Modifying Meal Plans
There are many reasons a meal plan might almost work for you, so here are some of the most common reasons you might need to modify any meal plan you’re using — and some solutions to help you think about stretching a meal plan to accommodate different circumstances, rather than throwing in the towel on meal planning altogether.
My family won’t eat a certain ingredient
Look, I get it: I can’t stand coconut — the very thought of it makes me shudder, so I’m not likely to be making coconut shrimp or coconut baked fish fillets any time soon. You and other family members probably have your own triggers or un-favorite foods, so what do you do if a main dish in a meal plan features an ingredient you dislike?
Option 1: Leave it out
Look at the recipe and see how essential that ingredient is to the integrity of the dish. For instance, if you don’t care for jalapeño peppers because they’re too spicy for your taste, a chili recipe that includes both fresh jalapeños and chili powder might be at the perfect level of heat for you if you just leave out the peppers and only use the chili powder.

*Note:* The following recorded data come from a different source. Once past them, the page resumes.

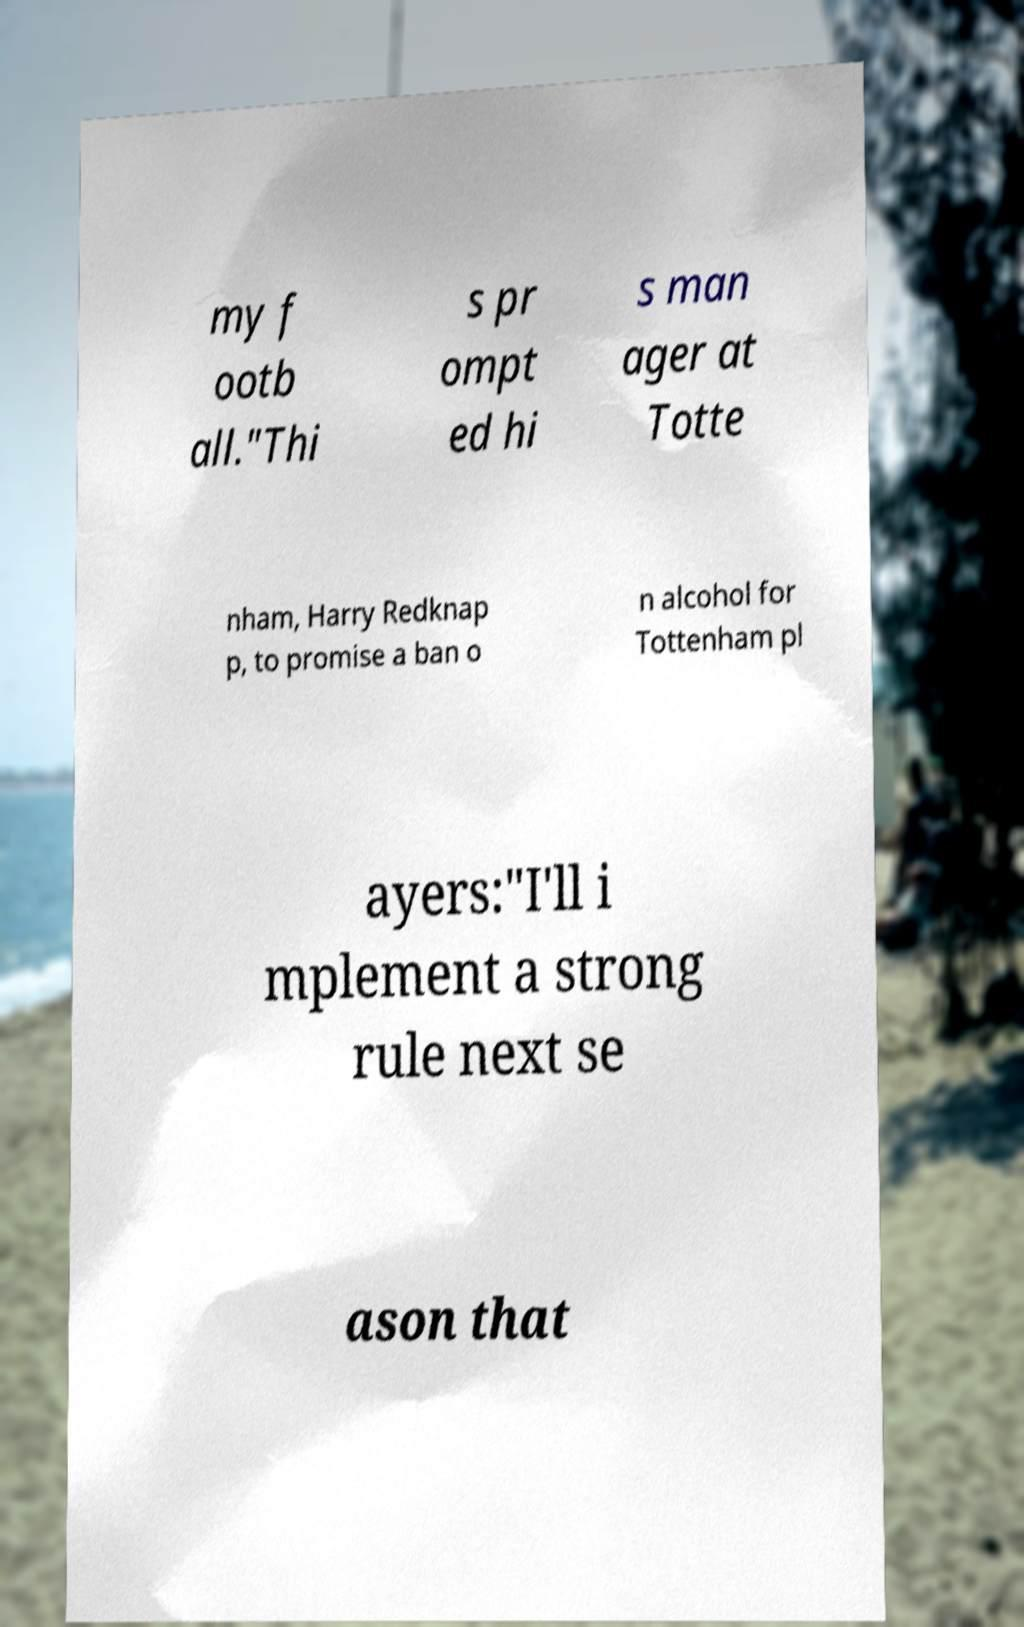For documentation purposes, I need the text within this image transcribed. Could you provide that? my f ootb all."Thi s pr ompt ed hi s man ager at Totte nham, Harry Redknap p, to promise a ban o n alcohol for Tottenham pl ayers:"I'll i mplement a strong rule next se ason that 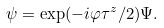<formula> <loc_0><loc_0><loc_500><loc_500>\psi = \exp ( - i \varphi \tau ^ { z } / 2 ) \Psi .</formula> 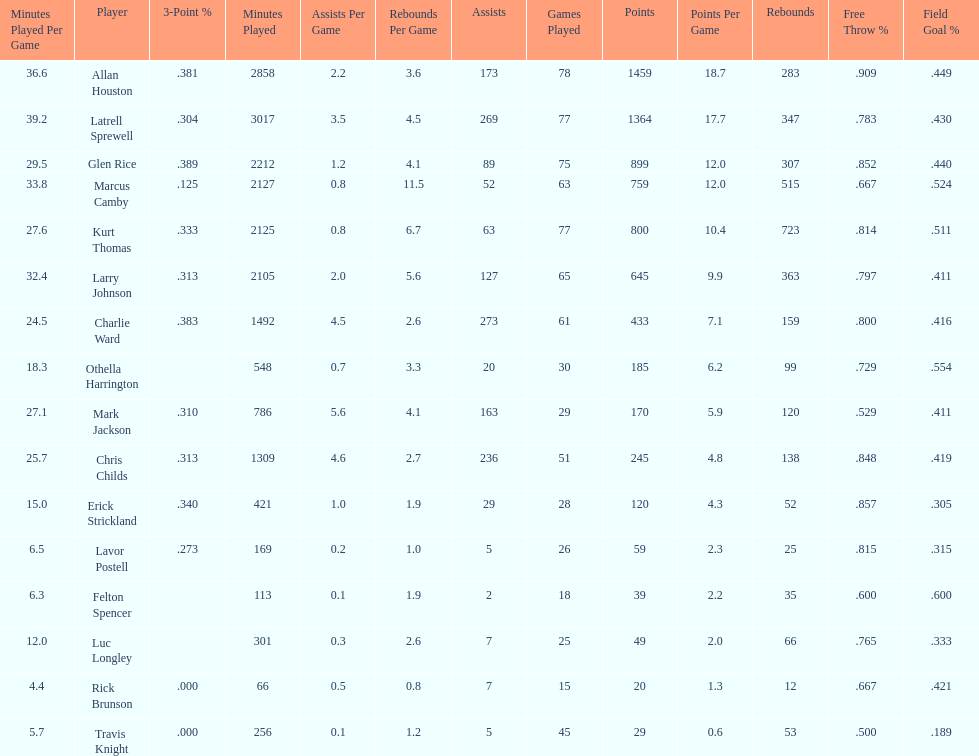How many games did larry johnson play? 65.

Option 2: Substitute something else
Does cilantro taste like soap to you? You can often substitute parsley with great results. Do you hate asparagus? Maybe this week’s chicken & asparagus stir fry would be equally lovely as a chicken & broccoli stir fry. Kale isn’t your friend? Try spinach. Don’t want to do ground beef? Substitute ground turkey. You can find a handy ingredient substitution list on myrecipes, or just think about what your family might prefer.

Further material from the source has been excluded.